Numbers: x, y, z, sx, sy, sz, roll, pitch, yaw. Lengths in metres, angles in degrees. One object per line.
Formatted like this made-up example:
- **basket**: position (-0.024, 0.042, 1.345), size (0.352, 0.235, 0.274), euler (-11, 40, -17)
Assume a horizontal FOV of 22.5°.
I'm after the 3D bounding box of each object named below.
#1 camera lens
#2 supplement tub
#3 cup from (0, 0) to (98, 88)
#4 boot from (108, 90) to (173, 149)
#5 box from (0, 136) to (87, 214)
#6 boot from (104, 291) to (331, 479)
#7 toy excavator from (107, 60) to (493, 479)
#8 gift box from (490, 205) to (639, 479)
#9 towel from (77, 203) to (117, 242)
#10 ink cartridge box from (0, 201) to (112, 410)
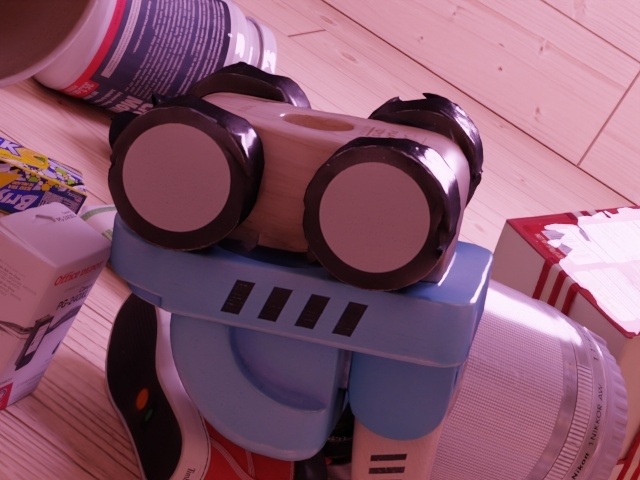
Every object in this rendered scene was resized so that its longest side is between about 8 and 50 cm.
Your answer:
- **camera lens**: position (0.119, 0.138, 1.478), size (0.274, 0.219, 0.219), euler (24, 19, -35)
- **supplement tub**: position (-0.212, -0.243, 2.020), size (0.272, 0.191, 0.191), euler (20, 21, -32)
- **cup**: position (-0.428, -0.329, 1.771), size (0.331, 0.331, 0.237), euler (23, -5, -27)
- **boot**: position (-0.102, -0.118, 1.897), size (0.246, 0.094, 0.207), euler (-13, 30, -38)
- **box**: position (-0.319, -0.067, 1.589), size (0.169, 0.054, 0.059), euler (24, 19, -24)
- **boot**: position (-0.082, 0.142, 1.375), size (0.176, 0.088, 0.244), euler (20, 29, -33)
- **toy excavator**: position (0.039, 0.119, 1.251), size (0.433, 0.445, 0.222), euler (12, 17, 8)
- **gift box**: position (0.284, 0.126, 1.764), size (0.276, 0.258, 0.255), euler (-3, 36, -29)
- **towel**: position (-0.084, 0.064, 1.664), size (0.325, 0.038, 0.248), euler (40, 19, 21)
- **ink cartridge box**: position (-0.234, 0.054, 1.237), size (0.063, 0.150, 0.109), euler (34, 18, 9)
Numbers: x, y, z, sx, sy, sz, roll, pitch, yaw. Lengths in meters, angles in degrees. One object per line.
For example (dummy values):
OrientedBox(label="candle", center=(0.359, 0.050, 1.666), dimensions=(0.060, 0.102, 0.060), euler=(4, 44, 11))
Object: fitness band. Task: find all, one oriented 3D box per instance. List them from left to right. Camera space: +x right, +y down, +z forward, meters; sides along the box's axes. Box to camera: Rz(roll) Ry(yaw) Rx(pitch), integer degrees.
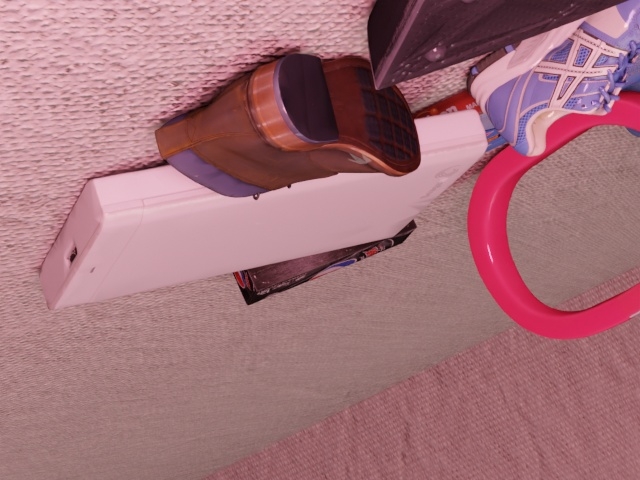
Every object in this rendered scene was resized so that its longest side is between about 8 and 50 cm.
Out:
OrientedBox(label="fitness band", center=(0.264, -0.022, 1.446), dimensions=(0.054, 0.209, 0.291), euler=(-18, 168, -43))

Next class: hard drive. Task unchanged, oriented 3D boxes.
OrientedBox(label="hard drive", center=(-0.048, -0.023, 1.147), dimensions=(0.308, 0.040, 0.203), euler=(-12, 164, -25))
OrientedBox(label="hard drive", center=(0.152, -0.178, 0.896), dimensions=(0.255, 0.054, 0.172), euler=(-22, 168, -15))

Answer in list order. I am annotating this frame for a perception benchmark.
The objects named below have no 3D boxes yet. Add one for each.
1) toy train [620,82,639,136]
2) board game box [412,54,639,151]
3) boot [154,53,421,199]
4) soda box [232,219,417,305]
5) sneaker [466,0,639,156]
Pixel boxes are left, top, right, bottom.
OrientedBox(label="toy train", center=(0.389, -0.065, 1.433), dimensions=(0.143, 0.248, 0.105), euler=(-14, 165, -26))
OrientedBox(label="board game box", center=(0.154, -0.110, 1.280), dimensions=(0.281, 0.027, 0.145), euler=(-25, 167, 0))
OrientedBox(label="boot", center=(-0.016, -0.074, 1.009), dimensions=(0.106, 0.082, 0.219), euler=(-16, 167, 27))
OrientedBox(label="soda box", center=(0.000, 0.000, 1.374), dimensions=(0.169, 0.060, 0.053), euler=(-21, 169, -18))
OrientedBox(label="sneaker", center=(0.212, -0.141, 1.126), dimensions=(0.211, 0.081, 0.080), euler=(-34, 164, 35))
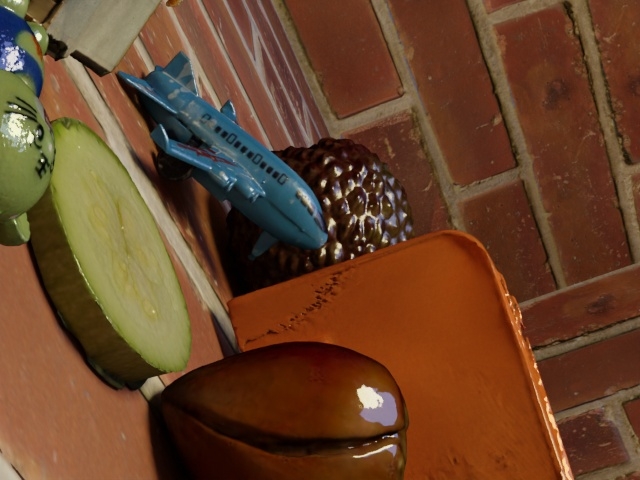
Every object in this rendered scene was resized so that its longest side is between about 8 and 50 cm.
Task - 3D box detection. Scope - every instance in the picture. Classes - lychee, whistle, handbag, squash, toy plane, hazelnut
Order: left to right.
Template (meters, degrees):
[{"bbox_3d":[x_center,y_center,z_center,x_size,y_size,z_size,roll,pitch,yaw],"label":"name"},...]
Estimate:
[{"bbox_3d":[-0.204,-0.098,0.655,0.105,0.085,0.227,75,-1,-59],"label":"whistle"},{"bbox_3d":[-0.162,0.007,0.853,0.219,0.041,0.219,-20,90,-83],"label":"squash"},{"bbox_3d":[-0.101,-0.085,1.188,0.271,0.105,0.254,51,16,-2],"label":"toy plane"},{"bbox_3d":[-0.034,0.166,0.904,0.208,0.208,0.208,-20,90,-82],"label":"hazelnut"},{"bbox_3d":[0.000,0.000,1.334,0.236,0.236,0.271,53,33,-66],"label":"lychee"},{"bbox_3d":[0.084,0.215,1.092,0.116,0.304,0.410,59,15,-62],"label":"handbag"}]

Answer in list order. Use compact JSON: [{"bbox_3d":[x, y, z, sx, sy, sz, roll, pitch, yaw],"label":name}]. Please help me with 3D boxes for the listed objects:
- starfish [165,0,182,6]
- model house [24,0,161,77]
[{"bbox_3d":[-0.236,-0.488,1.446,0.293,0.084,0.301,-105,175,-60],"label":"starfish"},{"bbox_3d":[-0.199,-0.283,0.830,0.206,0.271,0.178,36,4,14],"label":"model house"}]
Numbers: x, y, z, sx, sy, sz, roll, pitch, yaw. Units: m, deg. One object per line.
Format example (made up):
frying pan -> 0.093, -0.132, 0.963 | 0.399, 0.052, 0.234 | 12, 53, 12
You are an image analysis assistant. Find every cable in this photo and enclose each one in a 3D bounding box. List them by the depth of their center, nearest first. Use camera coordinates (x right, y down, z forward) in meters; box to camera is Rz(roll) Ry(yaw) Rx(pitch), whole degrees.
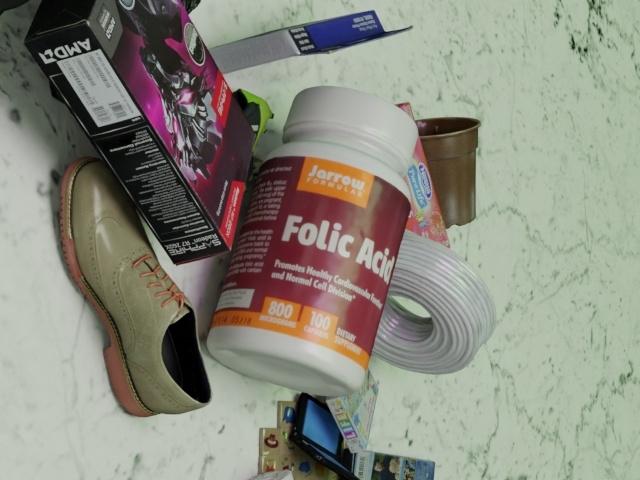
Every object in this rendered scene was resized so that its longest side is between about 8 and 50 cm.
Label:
cable -> 0.139, 0.097, 1.949 | 0.257, 0.257, 0.089 | 88, 27, -46

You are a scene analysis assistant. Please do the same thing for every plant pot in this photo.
plant pot -> 0.192, -0.111, 2.135 | 0.167, 0.167, 0.165 | -27, 114, -51

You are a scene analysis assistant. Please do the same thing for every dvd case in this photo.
dvd case -> 0.105, 0.433, 2.046 | 0.253, 0.022, 0.180 | 21, 72, -52

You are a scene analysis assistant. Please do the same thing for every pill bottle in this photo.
pill bottle -> 0.000, 0.000, 1.780 | 0.224, 0.224, 0.392 | 34, 65, -45

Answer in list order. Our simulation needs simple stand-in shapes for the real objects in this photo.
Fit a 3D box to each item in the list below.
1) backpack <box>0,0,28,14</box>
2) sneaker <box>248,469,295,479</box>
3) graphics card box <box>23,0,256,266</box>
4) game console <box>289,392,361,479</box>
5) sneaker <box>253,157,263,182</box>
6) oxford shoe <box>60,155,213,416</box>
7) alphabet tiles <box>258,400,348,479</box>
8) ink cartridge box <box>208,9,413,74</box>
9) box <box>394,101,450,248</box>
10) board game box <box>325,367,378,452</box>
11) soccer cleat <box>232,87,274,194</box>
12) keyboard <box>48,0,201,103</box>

==============================

▶ Assignment: Nothing but a number belongs in the answer, namely how many lines above include "angles".

▶ Result of this exercise: 2